«Ecco il piano di ArcelorMittal per fermare l’Ilva»

Un dirigente dell'azienda ai pm di Milano: «Il programma prevedeva di lasciare una scorta minima di materie prime, solo per un altoforno, per un mese». L'ad Morselli «ci disse che erano stati fermati gli ordini». Per la procura l'abolizione dello scudo penale è solo un pretesto.

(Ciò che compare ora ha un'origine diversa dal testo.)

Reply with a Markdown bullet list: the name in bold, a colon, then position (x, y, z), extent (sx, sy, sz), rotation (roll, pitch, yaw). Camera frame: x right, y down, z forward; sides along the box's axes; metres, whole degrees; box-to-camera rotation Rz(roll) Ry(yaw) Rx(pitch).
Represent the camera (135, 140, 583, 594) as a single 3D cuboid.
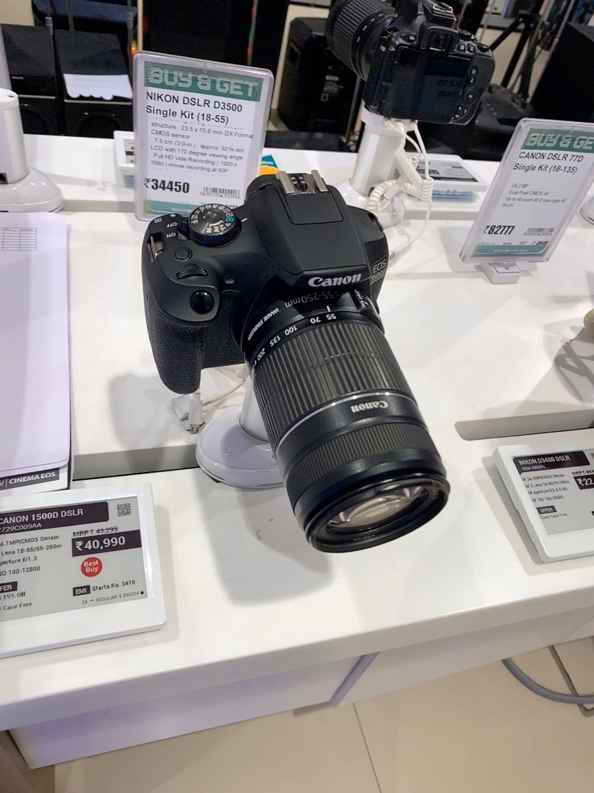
- **camera**: position (0.005, -0.030, 0.288), extent (0.130, 0.090, 0.190), rotation (-7, 50, -19)
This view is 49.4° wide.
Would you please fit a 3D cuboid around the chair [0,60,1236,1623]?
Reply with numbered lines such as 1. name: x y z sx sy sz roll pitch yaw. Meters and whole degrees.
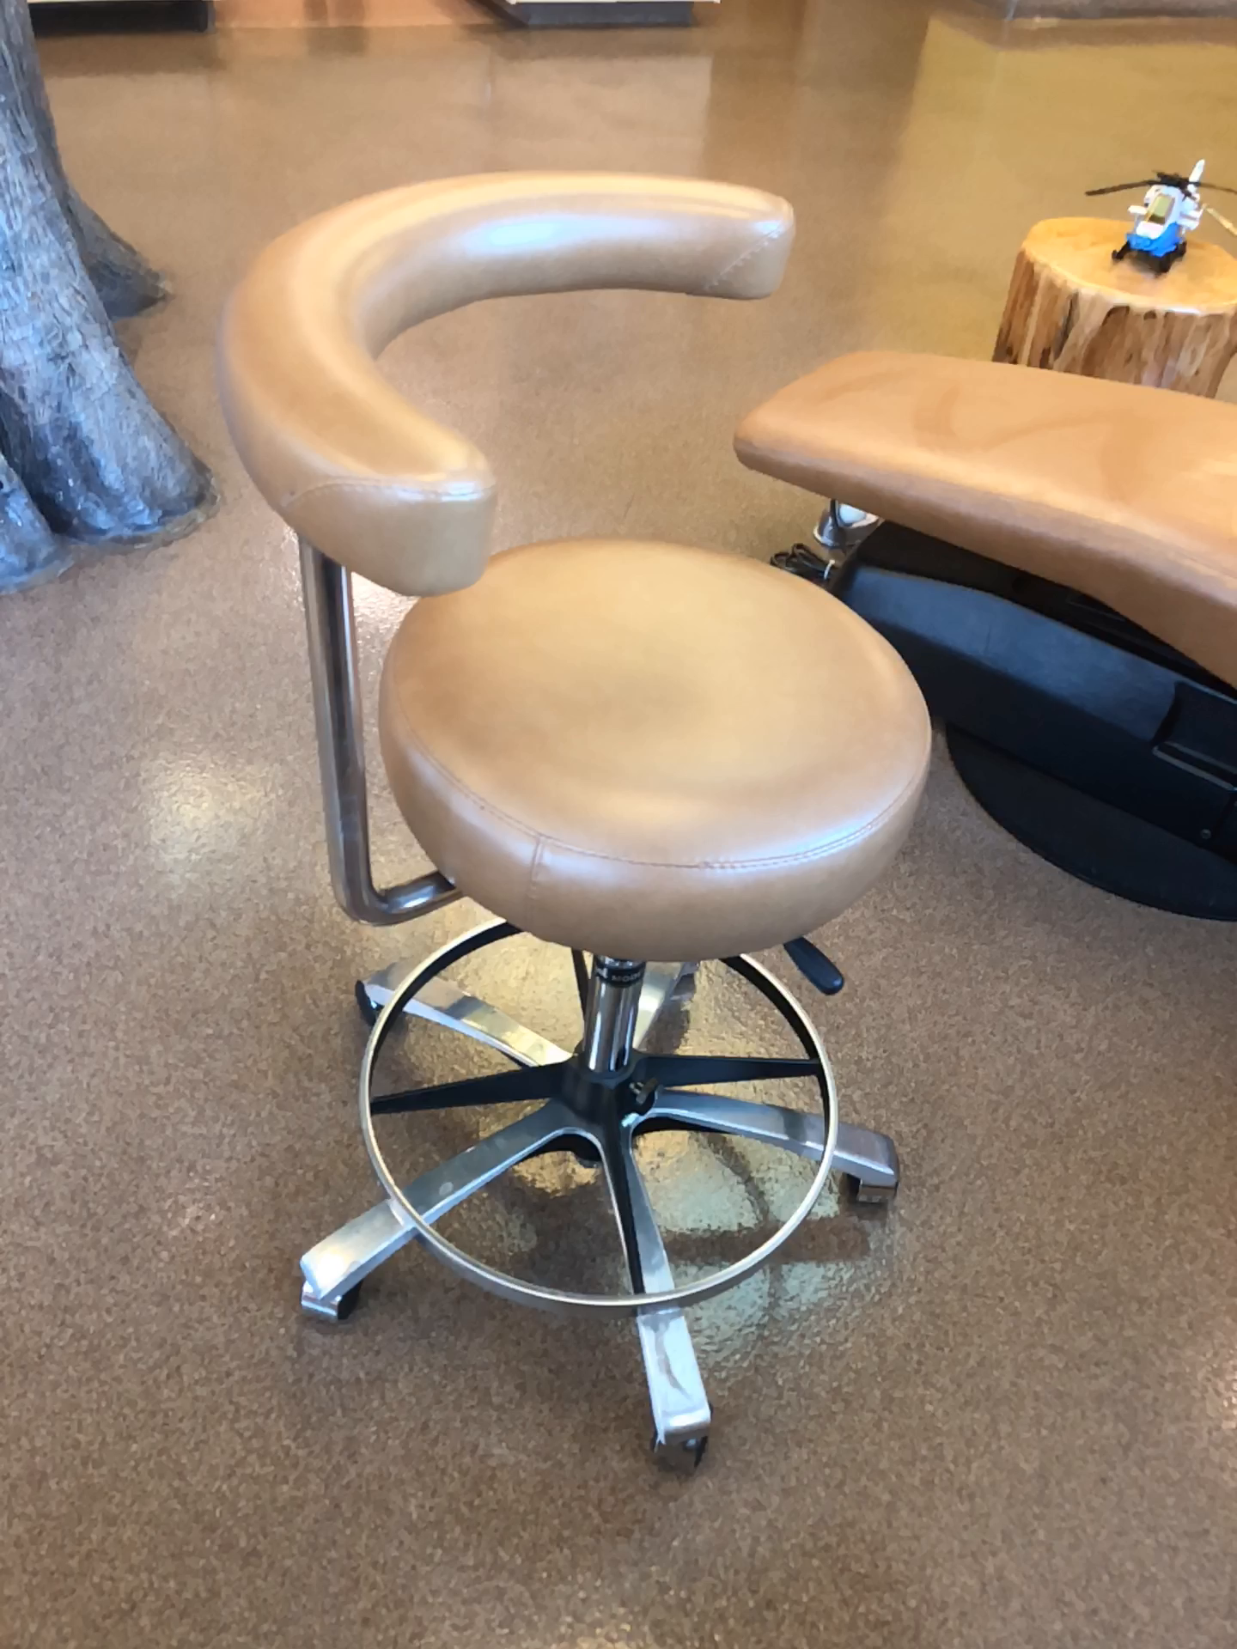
1. chair: 0.009 0.003 0.995 0.591 0.805 0.613 21 44 15
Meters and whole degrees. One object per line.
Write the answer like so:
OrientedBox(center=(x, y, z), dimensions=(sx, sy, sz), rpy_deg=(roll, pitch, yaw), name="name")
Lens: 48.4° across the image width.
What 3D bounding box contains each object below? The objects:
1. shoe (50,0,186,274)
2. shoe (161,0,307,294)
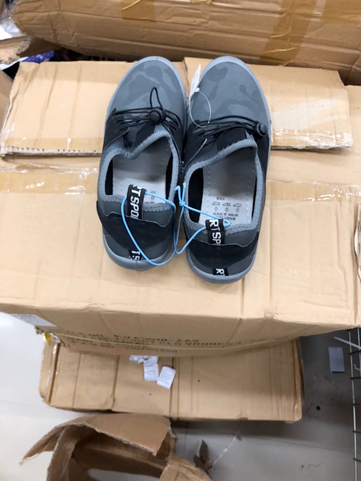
OrientedBox(center=(-0.051, -0.129, 0.453), dimensions=(0.110, 0.149, 0.301), rpy_deg=(1, 68, 0), name="shoe")
OrientedBox(center=(0.050, -0.110, 0.419), dimensions=(0.110, 0.130, 0.301), rpy_deg=(4, 68, 1), name="shoe")
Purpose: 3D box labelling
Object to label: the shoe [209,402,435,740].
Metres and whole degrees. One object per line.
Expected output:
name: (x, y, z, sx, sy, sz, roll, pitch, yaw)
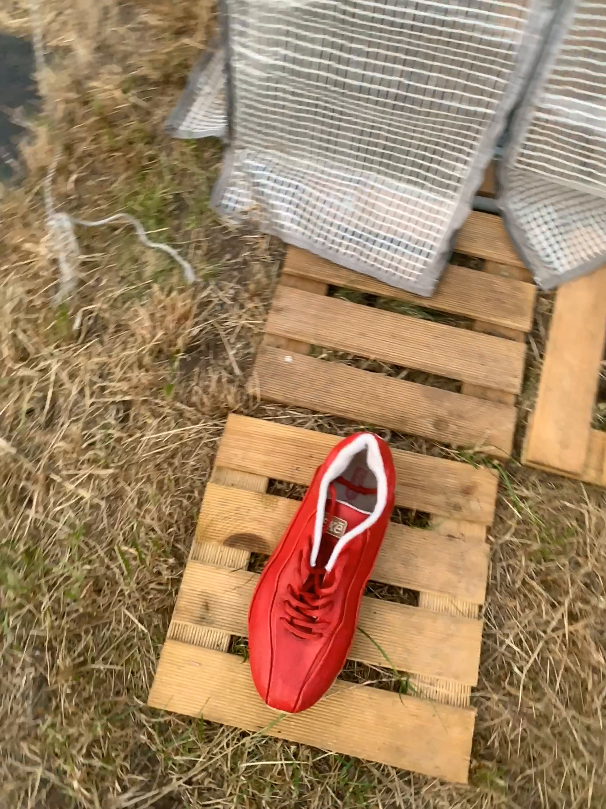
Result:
shoe: (0.023, 0.146, 0.578, 0.100, 0.100, 0.261, 22, 75, 8)
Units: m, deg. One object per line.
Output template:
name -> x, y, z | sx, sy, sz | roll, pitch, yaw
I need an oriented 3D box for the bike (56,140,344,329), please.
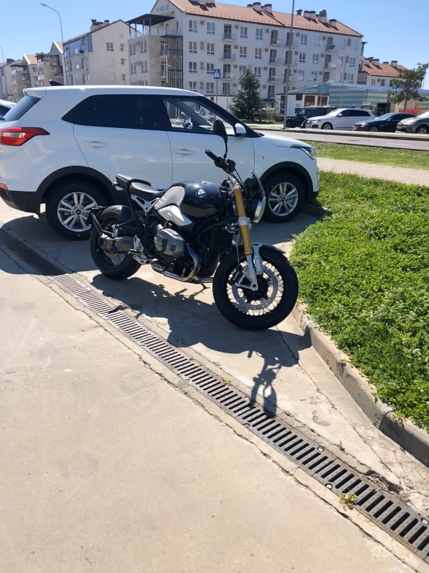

I pm di Milano che si occupano del caso Ilva hanno depositato l’atto di intervento nella causa civile tra il gruppo franco-indiano e i commissari dell’acciaieria. I magistrati non hanno dubbi: la «vera causa» della “ritirata” dell’azienda è «riconducibile alla crisi d’impresa», mentre il «venir meno del cosiddetto scudo penale» sarebbe un motivo utilizzato «pretestuosamente».

Inoltre, poiché sussiste «il pericolo di diminuzione delle garanzie patrimoniali per il risarcimento di eventuali danni», è urgente una pronuncia dei giudici che imponga di «astenersi dalla fermata degli impianti e adempiere fedelmente e in buona fede alle obbligazioni assunte».

L’atto contiene, tra le altre cose, le dichiarazioni rese alla procura da un dirigente di ArcelorMittal Italia, Giuseppe Frustaci, ascoltato come testimone pochi giorni fa. Il funzionario ha spiegato ai pubblici ministeri cosa prevedeva il piano dell’azienda per fermare la produzione a Taranto, piano che dopo il ricorso d’urgenza presentato dai commissari la multinazionale ha dovuto sospendere.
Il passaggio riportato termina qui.